Partage de midi can be read in the edition given by Gérald Antoine (Folio-Théâtre, Gallimard, 1994). This work contains the full text of the first complete version of 1905 as well as the previously unpublished unfinished states, a biographical preface, a chronology, notes on the text, extracts relating to the drama of the late correspondence of the poet and his beloved, a bibliography, and finally a critical essay. It opens with the preface that the playwright wrote in 1948 to introduce the late publication of the work. This brief but essential text makes it possible to understand the new versions in the light of the intentions that presided over both the alterations scattered throughout the main events and the recasting of certain passages of the second and third acts (these versions of 1948 and 1949, the preface of 1948 and a presentation intended for the press appear in the Complete Works, vol. XI, 1957).
La Pléiade also published the 1905 version, followed by the new version for the 1949 stage (Théâtre, t. 1, 1956, Introduction by Jacques Madaule). Gérald Antoine presented in a volume that serves as a complement to his edition published in the Folio collection, a work grouping together comments by Claudel and variants of the different versions, classified according to the processes implemented in the rewriting (Paul Claudel, Partage de midi, un drame revisité: 1948-1949, édition de Gérald Antoine, L’Âge d’Homme, Lausanne, Switzerland, 1997).

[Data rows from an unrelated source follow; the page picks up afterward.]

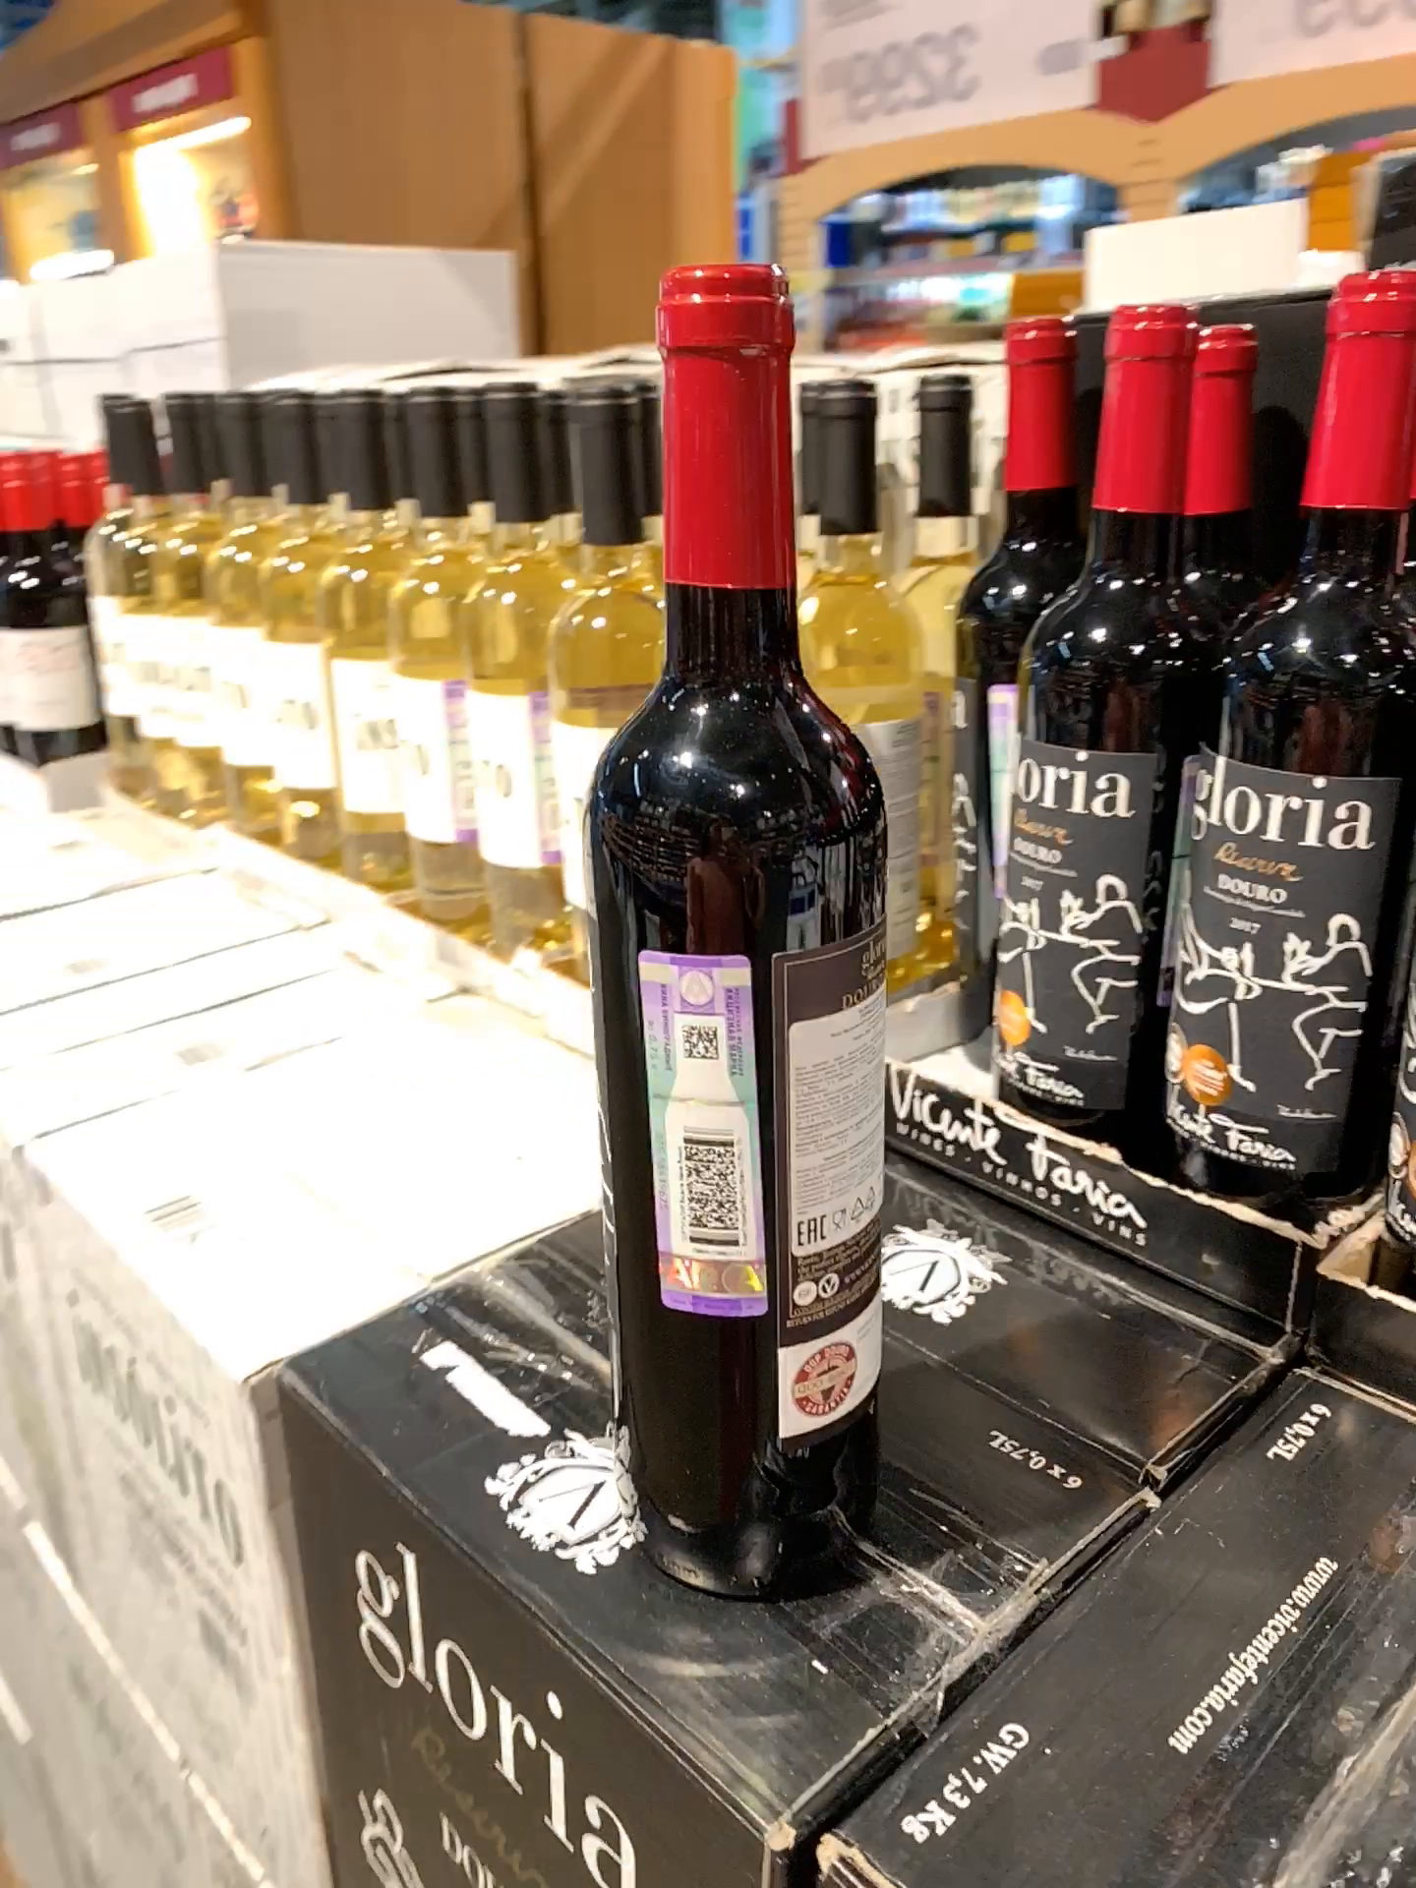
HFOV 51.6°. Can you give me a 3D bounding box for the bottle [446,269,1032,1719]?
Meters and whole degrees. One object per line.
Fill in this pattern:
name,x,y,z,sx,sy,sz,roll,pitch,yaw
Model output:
bottle,0.012,0.016,0.351,0.080,0.318,0.090,14,26,34
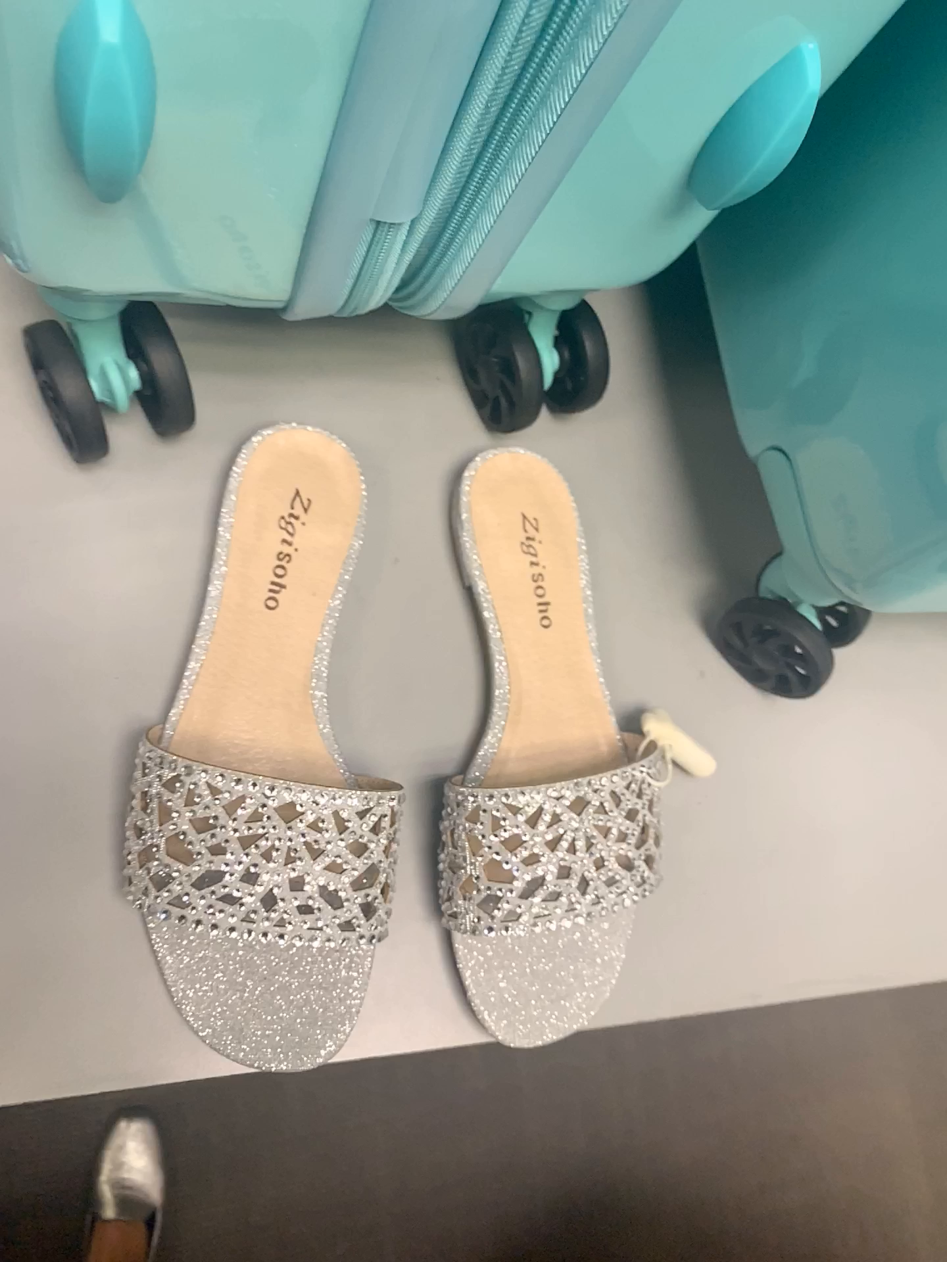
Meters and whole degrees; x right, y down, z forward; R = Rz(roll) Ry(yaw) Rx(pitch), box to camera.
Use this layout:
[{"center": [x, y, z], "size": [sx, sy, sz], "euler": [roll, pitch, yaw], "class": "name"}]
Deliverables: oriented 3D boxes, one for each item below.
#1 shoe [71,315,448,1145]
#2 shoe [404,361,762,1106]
[{"center": [-0.066, 0.027, 0.326], "size": [0.100, 0.061, 0.243], "euler": [5, 74, -18], "class": "shoe"}, {"center": [0.033, 0.031, 0.358], "size": [0.099, 0.061, 0.242], "euler": [2, 75, -18], "class": "shoe"}]
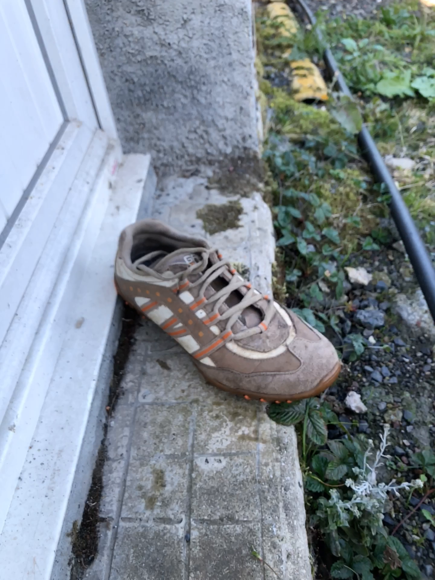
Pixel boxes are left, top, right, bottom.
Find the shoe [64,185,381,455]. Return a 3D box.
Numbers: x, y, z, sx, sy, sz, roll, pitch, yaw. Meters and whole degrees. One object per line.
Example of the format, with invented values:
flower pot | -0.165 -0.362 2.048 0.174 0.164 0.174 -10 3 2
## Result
shoe | -0.005 0.010 0.453 0.270 0.100 0.110 29 54 32

If we omit some furtive and fugitive Parisian performances, we can say that the drama was officially performed for the first time in France by Jean-Louis Barrault in 1948 (premiere on December 16). Edwige Feuillère played the role of Ysé, Jean-Louis Barrault that of Mesa, Pierre Brasseur played Amalric, Jacques Dacqmine was Ciz. The Claudel-Barrault correspondence contains a series of letters on Partage de midi (Cahiers Paul Claudel 10, Gallimard, 1974, letters 118 to 135, and Complete Works, t. XI). Under the title Mittagswende, the drama was performed in German at the Städtisches Opern und Schauspielhaus Hannover (world premiere: 25 May 1922).